Nie mam gdzie i do kogo.
– Masz. Masz mnie i mamę.
– Och, tak bardzo będę za wami
tęsknić.
Otarła łzy i
wsiadła do auta. Machała im na pożegnanie. Kiedy dotarli do miasta, Ola z
Dagmarą udały się do mieszkania i zajęły swoje pokoje. Aleksandra rozpakował
swoje rzeczy i zjadła razem z przyjaciółką pierwszy obiad w nowym miejscu. Po
nim, dziewczyny udały się na spacer po okolicy.
***
Kobieta
wyszła spod prysznica i otarła swoje ciało. W lustro zobaczyła nieszczęśliwą
osobę, potrzebującą miłości i zrozumienia. Karol nie był tą osobą, która
mogłaby jej to dać. Pragnęła kogoś innego. Owinęła się ręcznikiem i wyszła.

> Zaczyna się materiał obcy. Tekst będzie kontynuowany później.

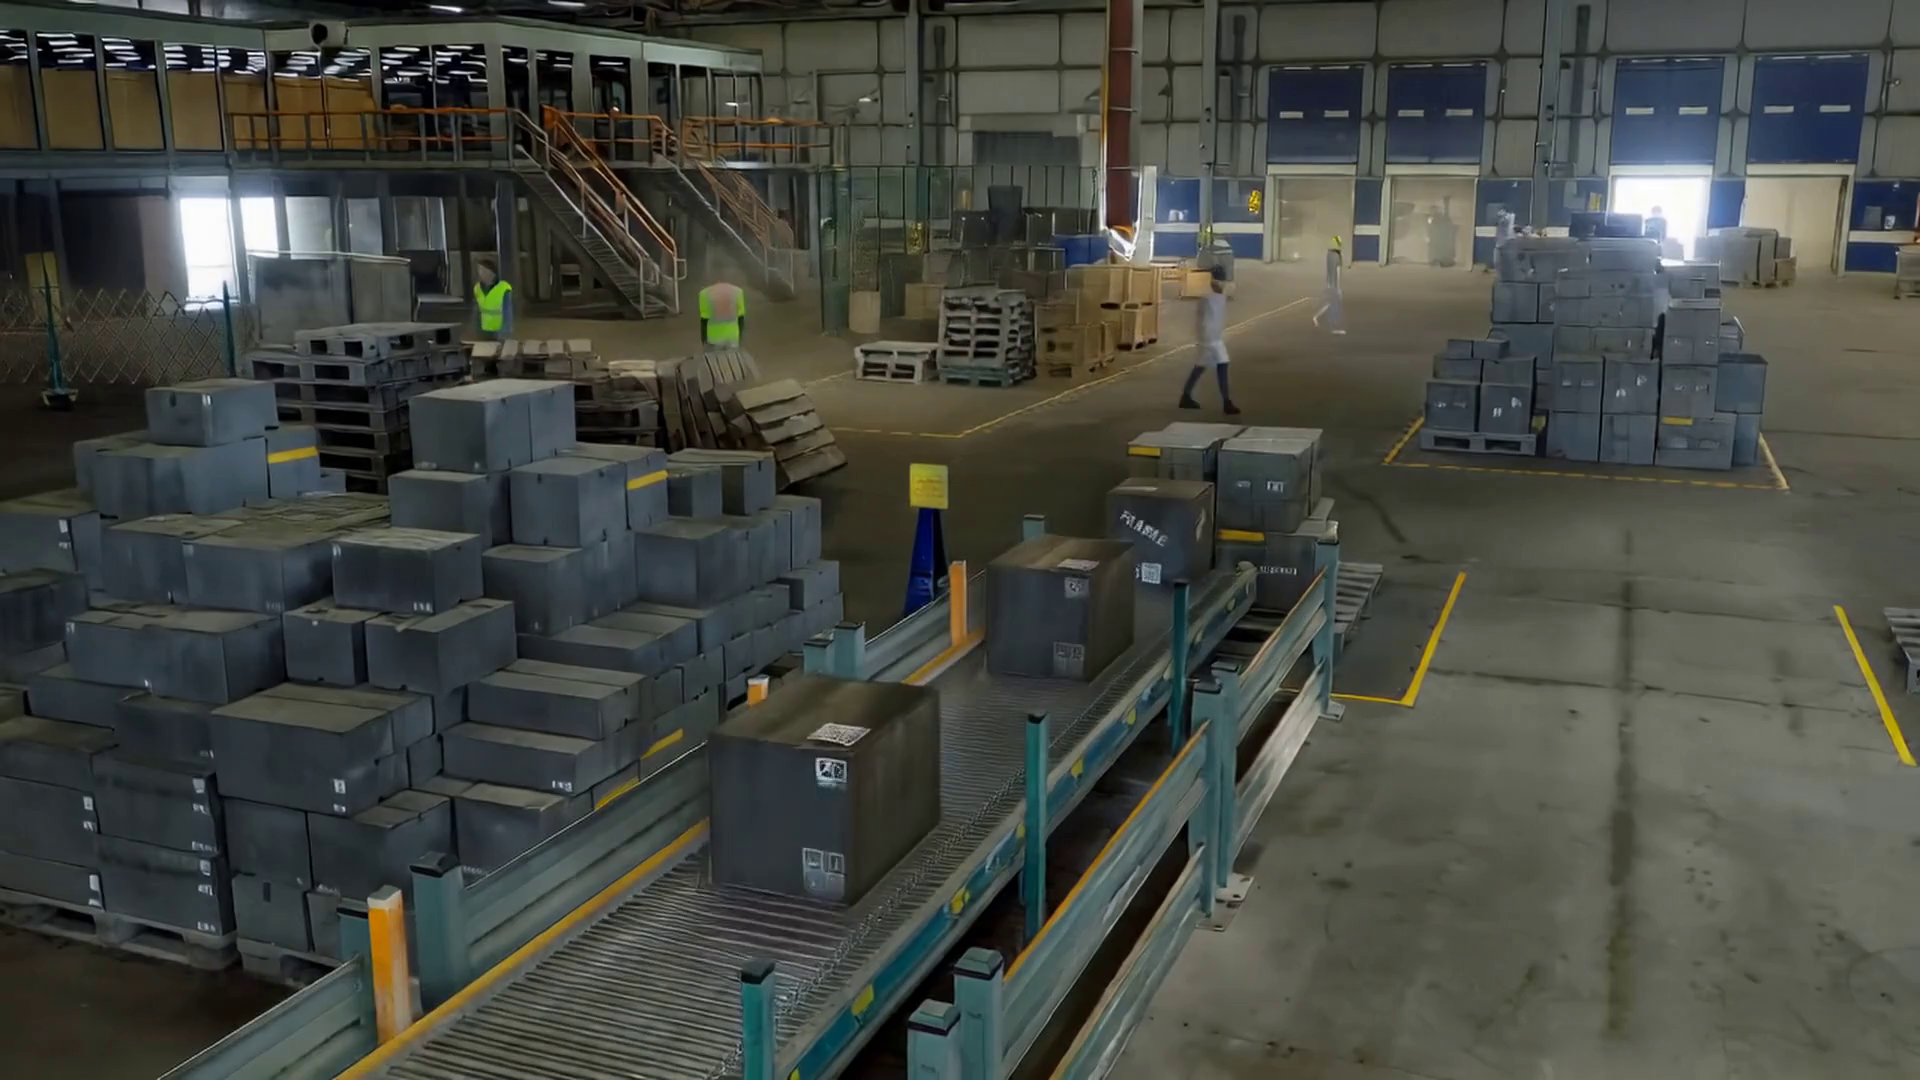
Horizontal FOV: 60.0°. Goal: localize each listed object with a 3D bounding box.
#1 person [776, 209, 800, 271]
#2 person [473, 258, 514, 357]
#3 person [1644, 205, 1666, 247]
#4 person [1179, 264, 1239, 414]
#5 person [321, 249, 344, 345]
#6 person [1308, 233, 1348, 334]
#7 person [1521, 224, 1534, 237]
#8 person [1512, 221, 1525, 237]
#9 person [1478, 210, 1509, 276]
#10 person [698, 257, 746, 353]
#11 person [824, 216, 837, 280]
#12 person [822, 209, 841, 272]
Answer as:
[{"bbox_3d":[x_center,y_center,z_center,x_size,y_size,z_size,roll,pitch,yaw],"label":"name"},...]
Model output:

Mężczyzna nalał jej wina i podał kieliszek.
– Dziękuję bardzo. – uśmiechnęła się.
– Chcę wznieść toast za tak cudowną
chwilę, którą dzisiaj przeżyłem. – przysunął krzesło i usiadł obok niej.
– I przeżyjesz ich więcej. – stuknęła
kieliszek o jego. Przybliżył się do niej i pocałował namiętnie.
– Jakiem mam szczęście, że spotkałem
taką kobietę jak ty.
– Ogromne. – burknęła pod nosem.
Natknęła na widelec sałatkę i podała Karolowi.
– Mmm… – zbliżył głowę do jej szyi i
zaczął delikatnie ją kąsać.
– Karol… – rozbawił swoim gestem
dziewczynę. – Przestań! Nie rób! – śmiała się, a mężczyzna nie przestawał.
– Cud, miód, malinka!
Ich usta
złączyły się. Pocałunek był mocny i namiętny. Kiedy oderwali się od siebie,
Karol wziął ją na ręce i zaniósł do sypialni. Zdarł z niej ręcznik i położył na
łóżko.
– Teraz to ty jesteś moja! – położył
się koło niej.
W głuchej
ciszy, rozległy się odgłosy rozkoszy i namiętności. Obydwoje ponownie wybuchli
jękiem pożądania. Mężczyzna ułożył się obok swojej kochanki, przygarniając ją
do siebie i wtulając się w jej włosy. Czuł jej wspaniały zapach zmieszany razem
z zapachem ich wspólnej namiętności.